Let us understand how to DROP Spark Metastore Tables as well as Databases. Let us start the spark context for this Notebook so that we can execute the code provided.
Key Concepts Explanation
Using Spark SQL
spark2-sql \
--master yarn \
--conf spark.ui.port=0 \
--conf spark.sql.warehouse.dir=/user/${USER}/warehouse
Using Scala
spark2-shell \
--master yarn \
--conf spark.ui.port=0 \
--conf spark.sql.warehouse.dir=/user/${USER}/warehouse
Using Pyspark
pyspark2 \
--master yarn \
--conf spark.ui.port=0 \
--conf spark.sql.warehouse.dir=/user/${USER}/warehouse
- We can use DROP TABLE command to drop the table. Let us drop the “orders” table.
Dropping Tables
%%sql
DROP TABLE orders
- DROP TABLE on a managed table will delete both metadata in the metastore as well as data in HDFS, while DROP TABLE on an external table will only delete metadata in the metastore.
Dropping Databases
-
We can drop a database by using the DROP DATABASE command. However, we need to drop all tables in the database first.
-
Here is an example to drop the database “itversity_retail”:
DROP DATABASE itversity_retail
-
We can also drop all tables and databases by adding the CASCADE option.
%%sql
DROP DATABASE itversity_retail
Hands-On Tasks
Description of the hands-on tasks. Provide a list of tasks that the reader can perform to apply the concepts discussed in the article.

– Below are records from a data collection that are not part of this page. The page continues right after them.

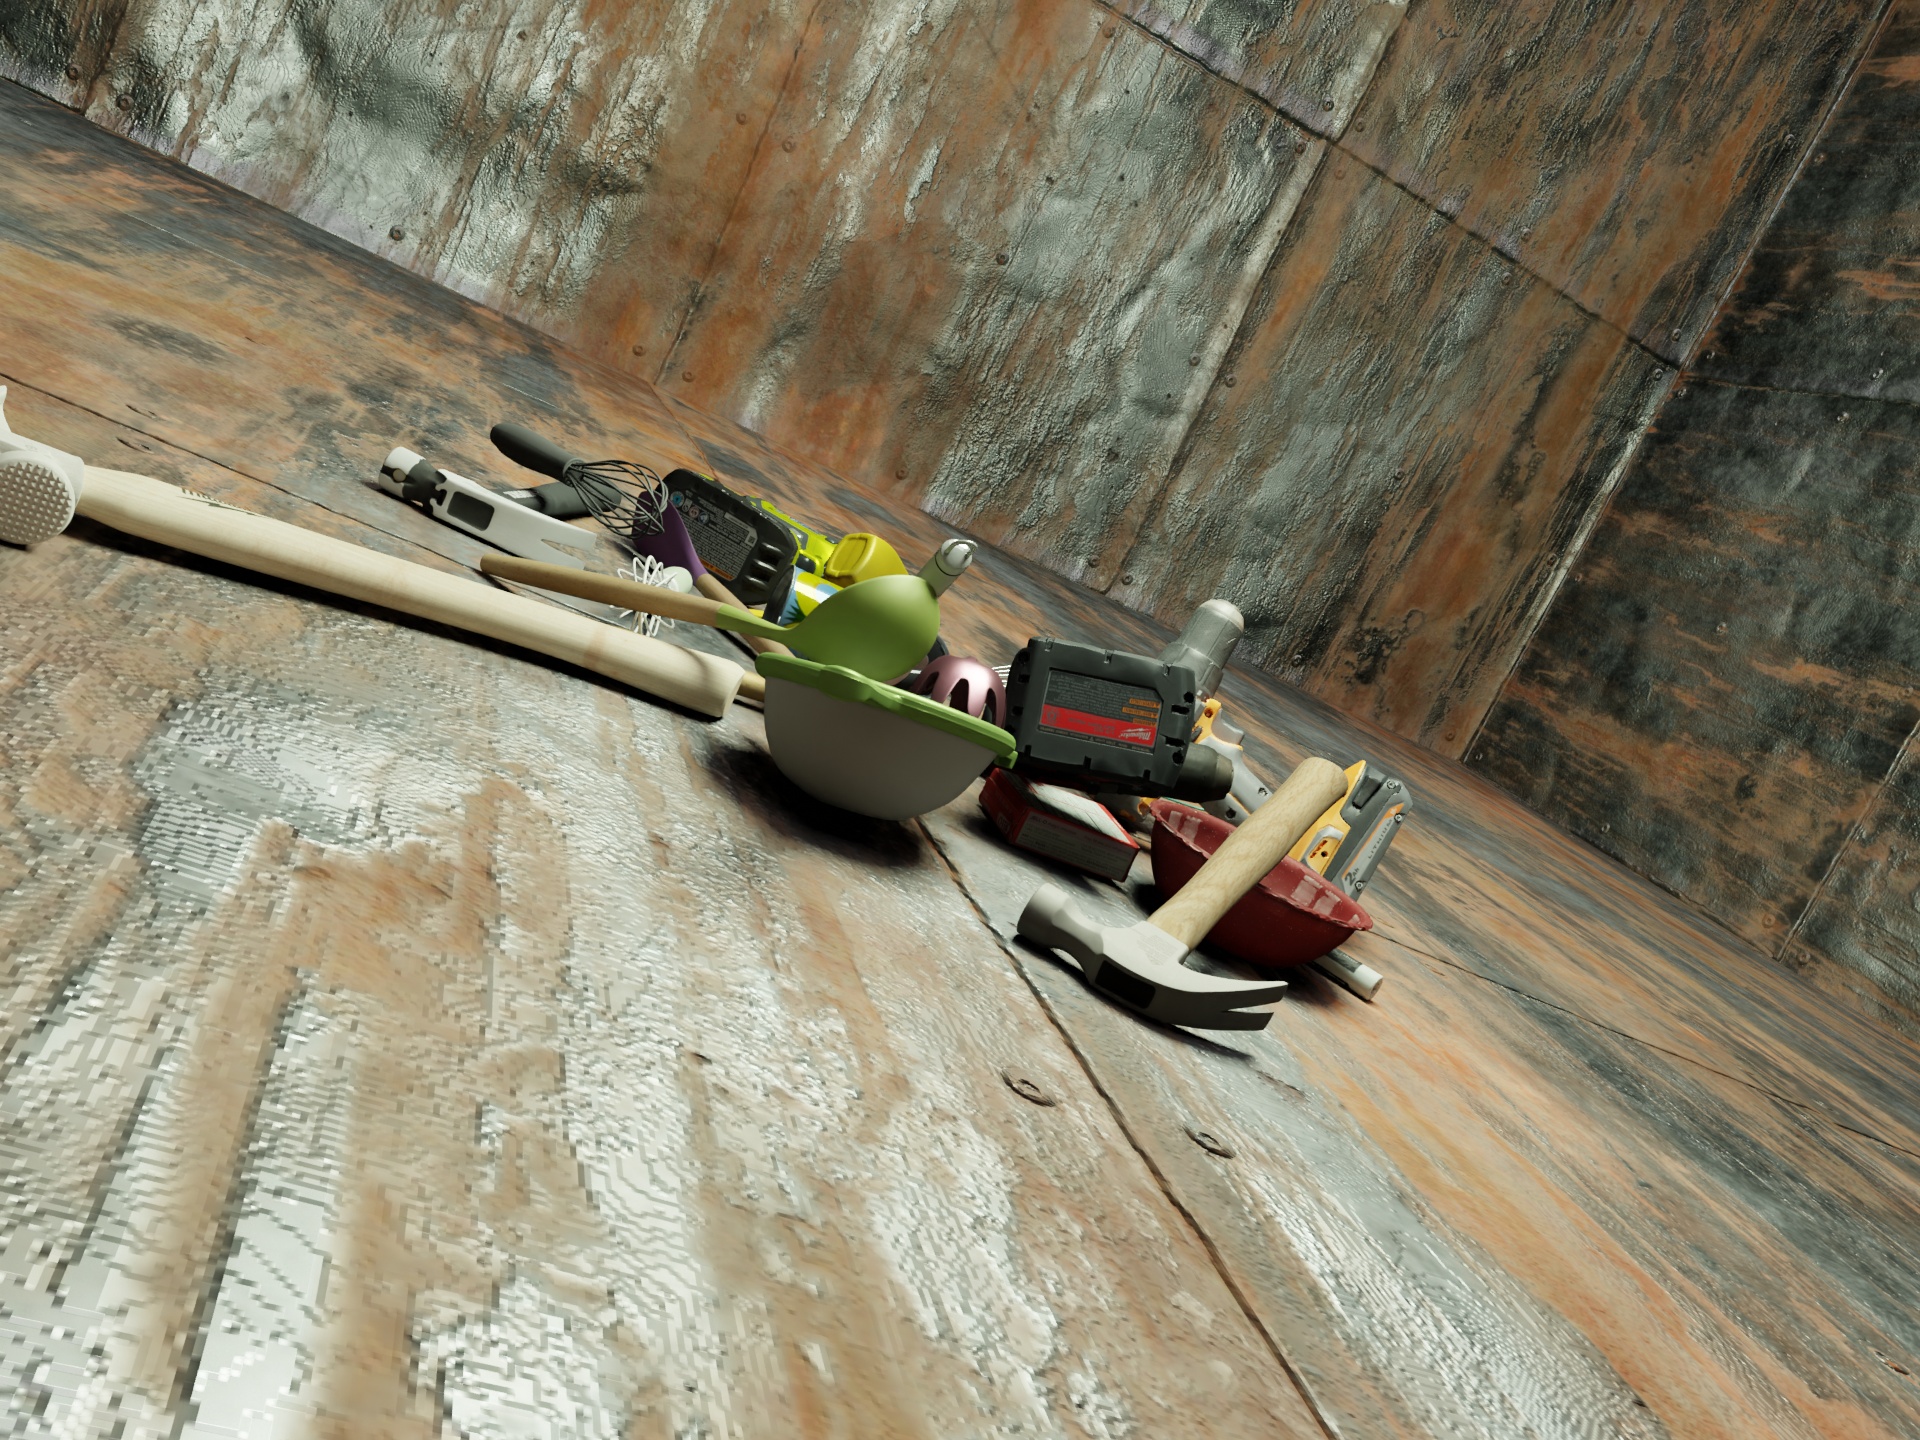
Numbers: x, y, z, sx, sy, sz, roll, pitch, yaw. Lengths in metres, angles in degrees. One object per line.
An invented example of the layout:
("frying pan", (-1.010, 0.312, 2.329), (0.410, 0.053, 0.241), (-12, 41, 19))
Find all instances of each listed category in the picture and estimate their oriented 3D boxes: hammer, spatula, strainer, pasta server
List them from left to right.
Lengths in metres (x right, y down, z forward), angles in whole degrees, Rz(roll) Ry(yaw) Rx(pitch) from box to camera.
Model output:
("hammer", (-0.294, -0.074, 0.838), (0.410, 0.038, 0.146), (18, 12, -40))
("hammer", (-0.320, -0.169, 1.243), (0.146, 0.035, 0.335), (26, 10, -2))
("spatula", (-0.182, -0.095, 1.202), (0.018, 0.059, 0.316), (-4, 33, -37))
("strainer", (-0.053, 0.014, 0.822), (0.151, 0.069, 0.256), (18, -2, 4))
("strainer", (-0.042, -0.058, 0.971), (0.086, 0.050, 0.258), (16, -22, -16))
("pasta server", (-0.002, -0.003, 1.049), (0.060, 0.040, 0.316), (18, -7, 1))
("hammer", (0.164, 0.086, 0.927), (0.130, 0.031, 0.331), (31, 30, 19))

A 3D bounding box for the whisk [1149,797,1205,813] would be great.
("whisk", (0.124, 0.048, 1.271), (0.244, 0.047, 0.051), (18, 1, -20))

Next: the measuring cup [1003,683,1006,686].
("measuring cup", (0.102, 0.023, 1.341), (0.168, 0.038, 0.083), (31, 11, 12))

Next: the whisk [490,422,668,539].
("whisk", (-0.289, -0.185, 1.181), (0.239, 0.055, 0.055), (28, 9, 41))

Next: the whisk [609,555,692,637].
("whisk", (-0.208, -0.089, 1.102), (0.058, 0.059, 0.246), (5, 8, -5))

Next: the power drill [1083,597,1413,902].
("power drill", (0.227, 0.029, 1.215), (0.226, 0.185, 0.084), (31, -8, 8))

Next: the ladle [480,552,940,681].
("ladle", (-0.158, -0.078, 0.940), (0.320, 0.062, 0.078), (13, -10, 26))

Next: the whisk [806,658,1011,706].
("whisk", (0.009, -0.025, 1.206), (0.284, 0.070, 0.070), (5, 21, -31))

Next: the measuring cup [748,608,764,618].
("measuring cup", (-0.112, -0.065, 1.298), (0.156, 0.029, 0.062), (10, 13, -19))

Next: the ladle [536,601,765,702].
("ladle", (-0.135, -0.022, 1.008), (0.315, 0.031, 0.069), (19, 13, -28))

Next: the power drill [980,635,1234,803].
("power drill", (0.106, 0.014, 1.080), (0.188, 0.080, 0.226), (12, -8, 1))

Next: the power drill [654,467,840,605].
("power drill", (-0.161, -0.144, 1.403), (0.191, 0.080, 0.228), (31, 9, 16))

- Run the provided code snippets to understand how to drop tables and databases in Spark SQL.
Conclusion
In this article, we learned how to efficiently drop Spark Metastore Tables and Databases. It is essential to understand the implications of dropping tables and databases, especially regarding managed and external tables. Practice these concepts in your own environment to solidify your understanding.
Let me know if you have any questions or need further clarification.